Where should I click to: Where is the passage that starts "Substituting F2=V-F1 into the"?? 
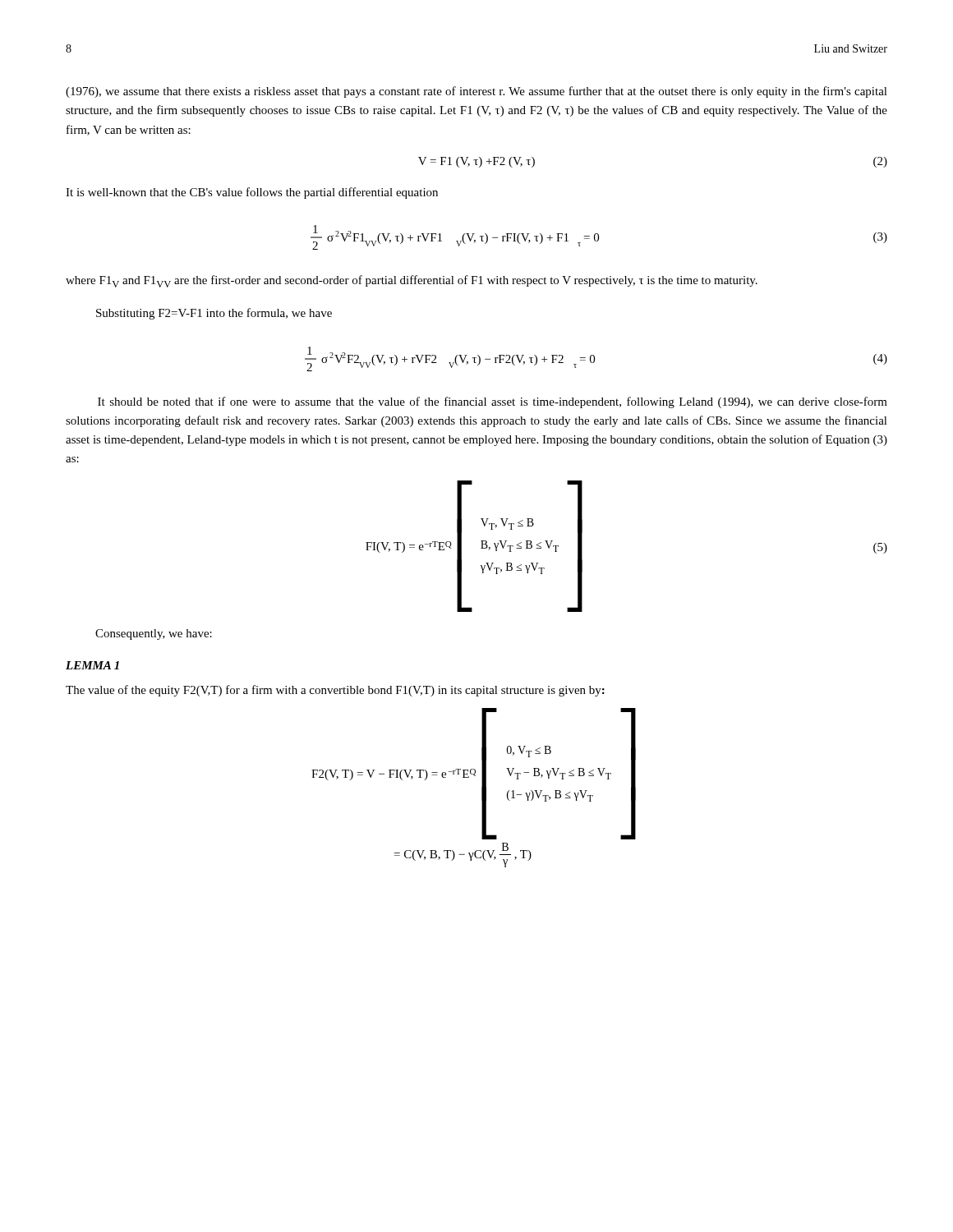click(x=214, y=314)
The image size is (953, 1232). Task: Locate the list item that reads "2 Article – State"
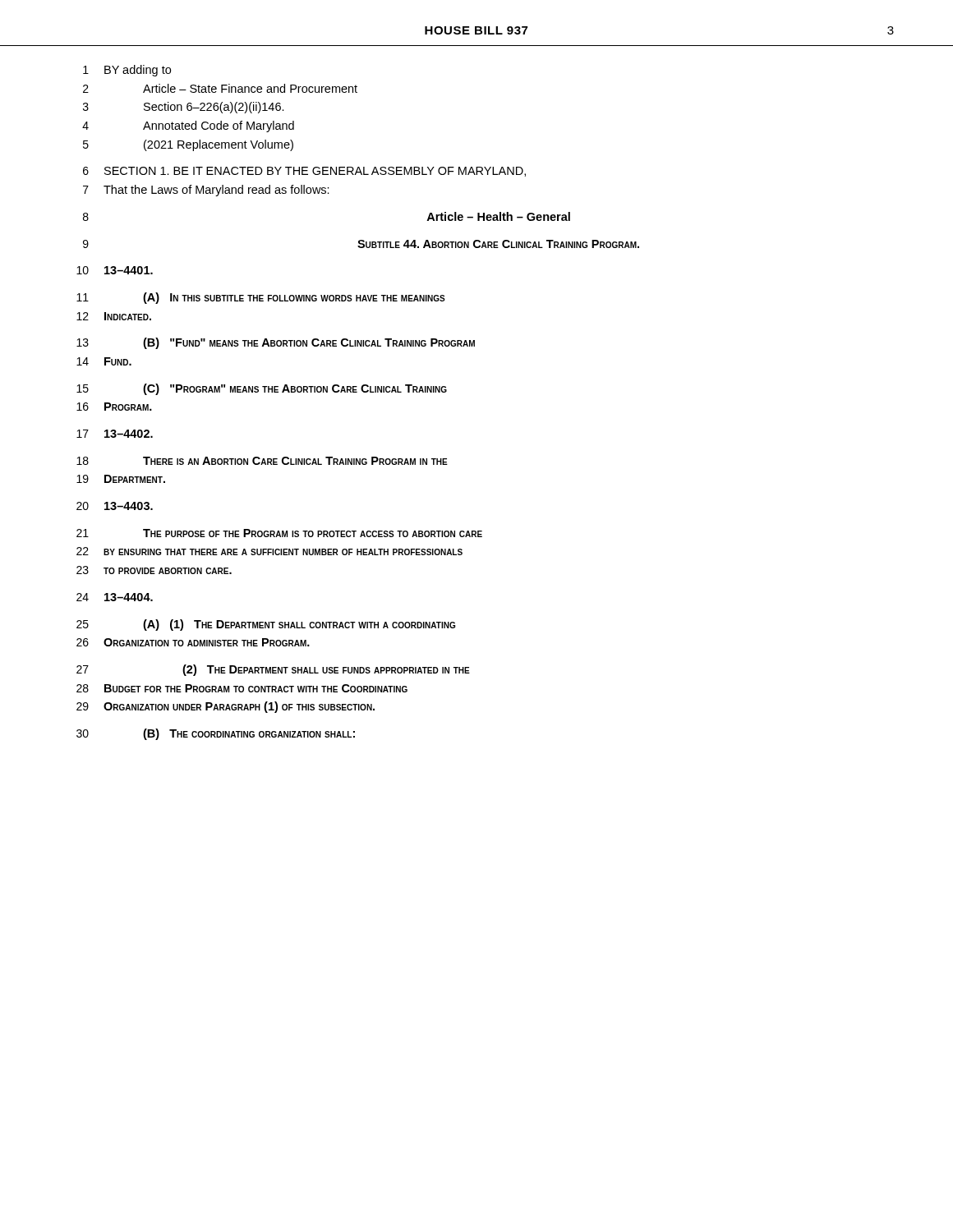coord(220,88)
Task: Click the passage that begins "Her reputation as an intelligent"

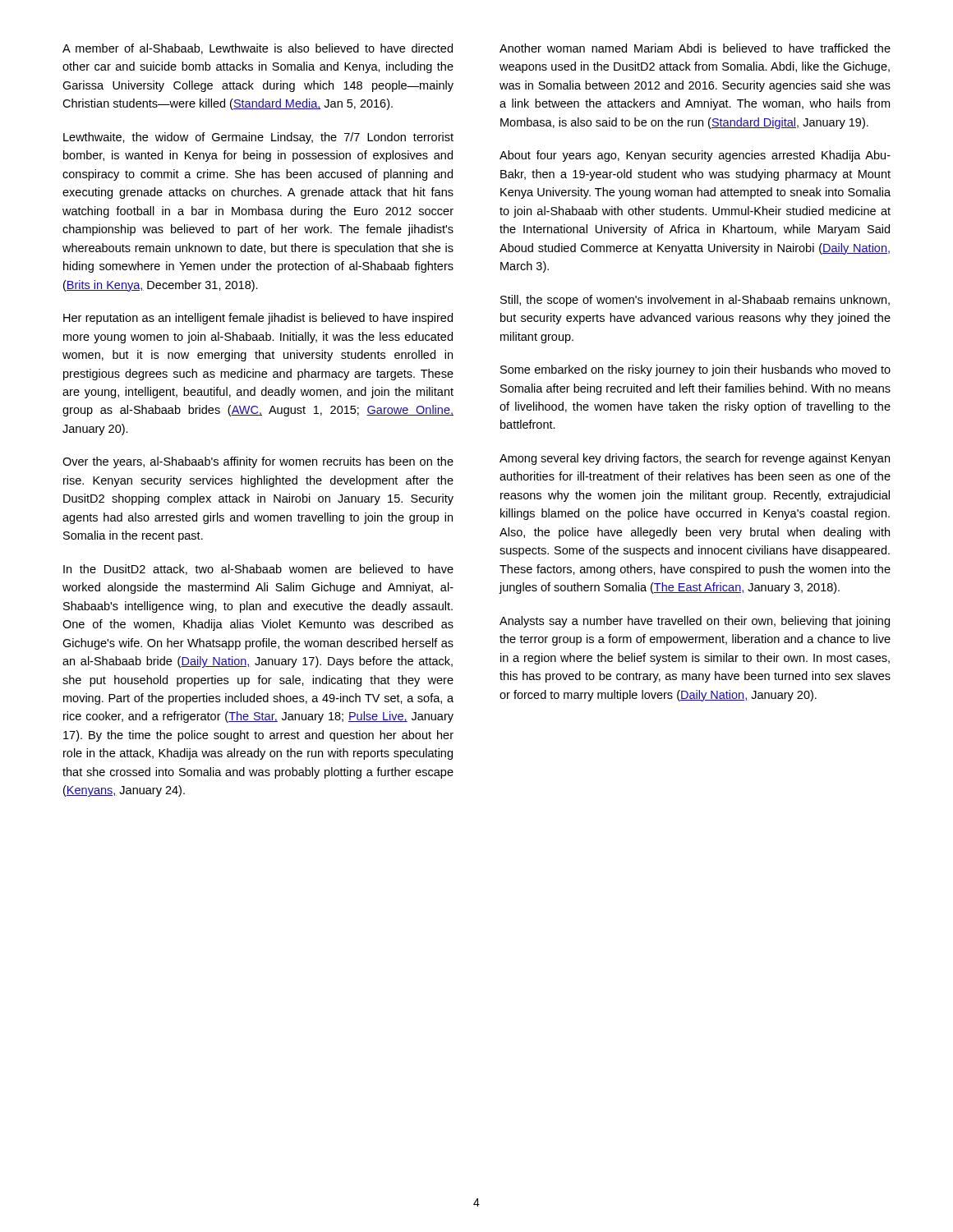Action: pyautogui.click(x=258, y=373)
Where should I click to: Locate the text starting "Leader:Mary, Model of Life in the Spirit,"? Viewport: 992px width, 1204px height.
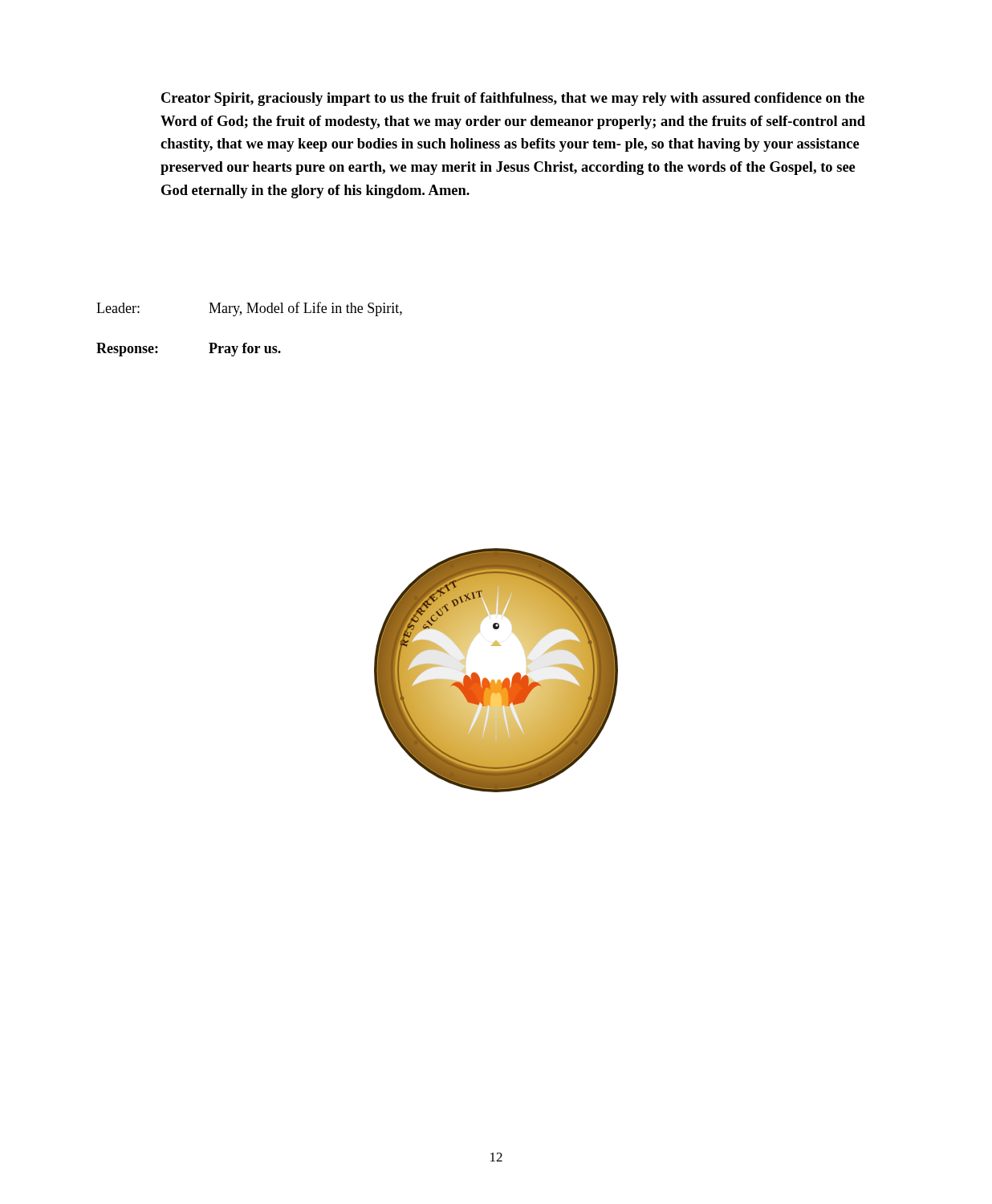(250, 309)
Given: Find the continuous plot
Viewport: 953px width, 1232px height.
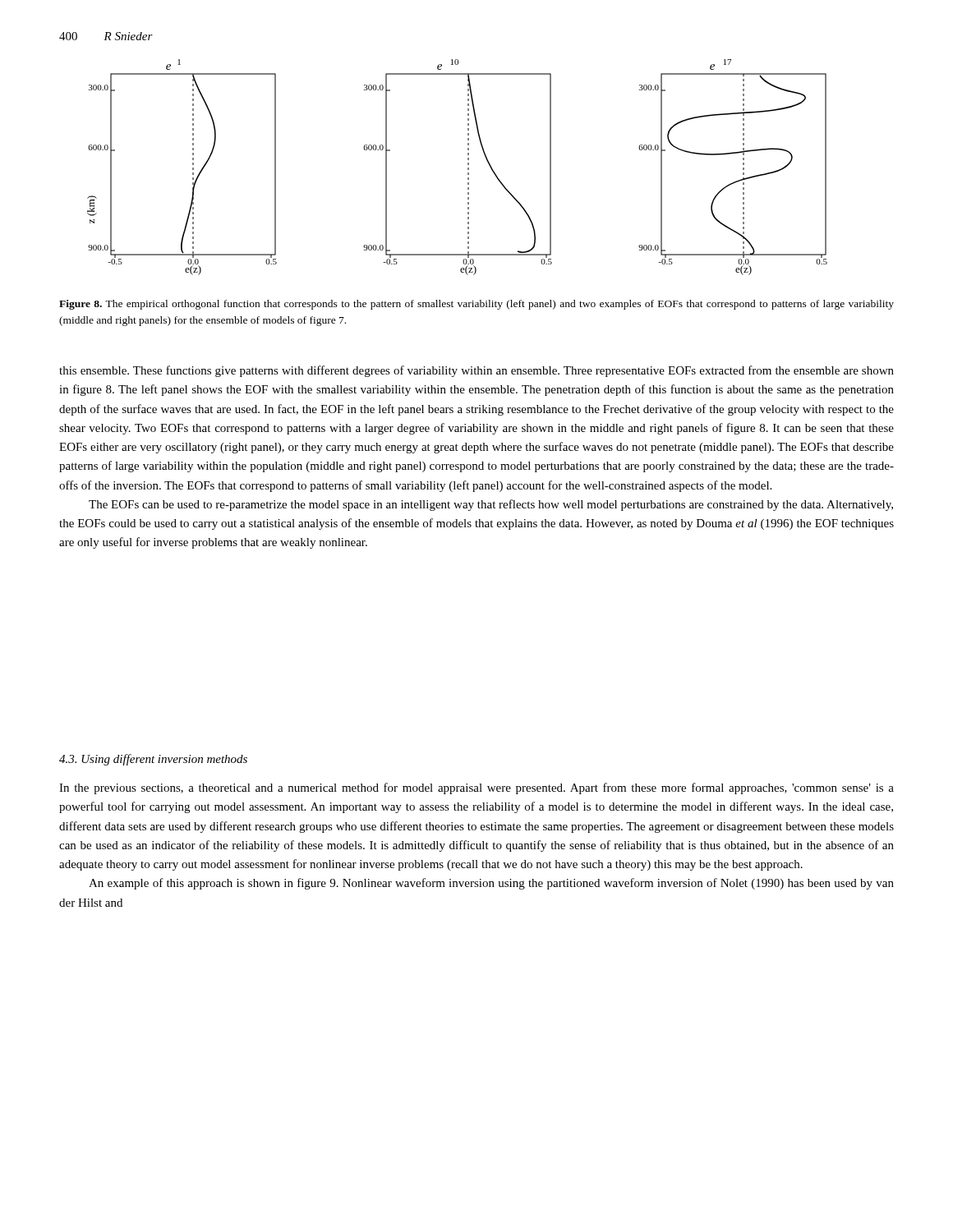Looking at the screenshot, I should point(476,172).
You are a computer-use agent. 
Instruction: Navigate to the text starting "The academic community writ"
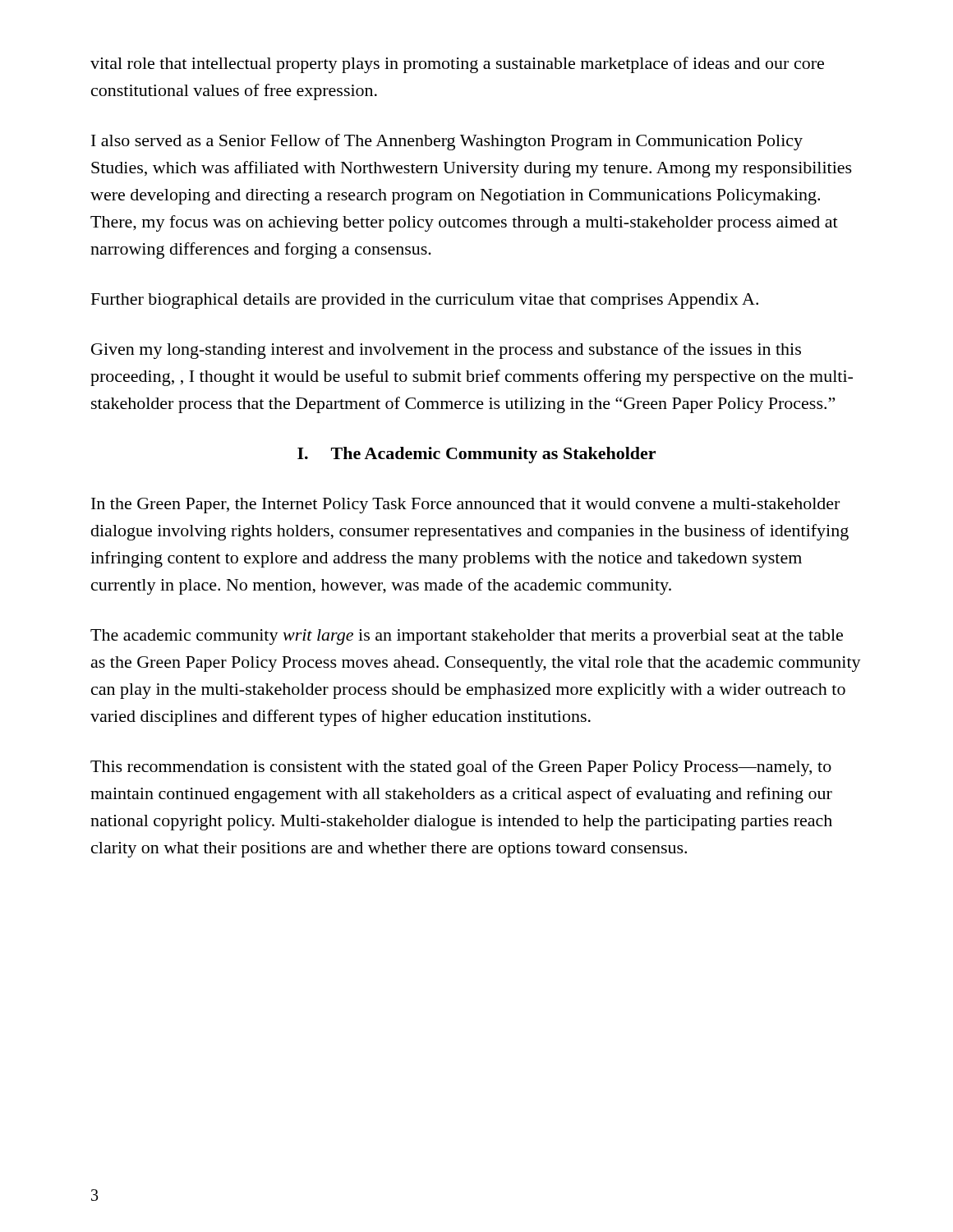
● ● ● ● ● ● ●
**WHAT THE EXERCISE ASKS**
When copying the listing above, begin at its first line and stop after the line with "Given: Find the continuous plot", keeping each line exact and dropping the pictures.

**SOLUTION BELOW**
Where should I click to: Where is the passage that starts "Substituting F2=V-F1 into the"?? 
click(x=214, y=314)
The image size is (953, 1232). Task: Locate the list item that reads "2 Article – State"
coord(220,88)
Task: Click the passage that begins "Her reputation as an intelligent"

Action: pyautogui.click(x=258, y=373)
Where should I click to: Locate the text starting "Leader:Mary, Model of Life in the Spirit,"? Viewport: 992px width, 1204px height.
(250, 309)
Given: Find the continuous plot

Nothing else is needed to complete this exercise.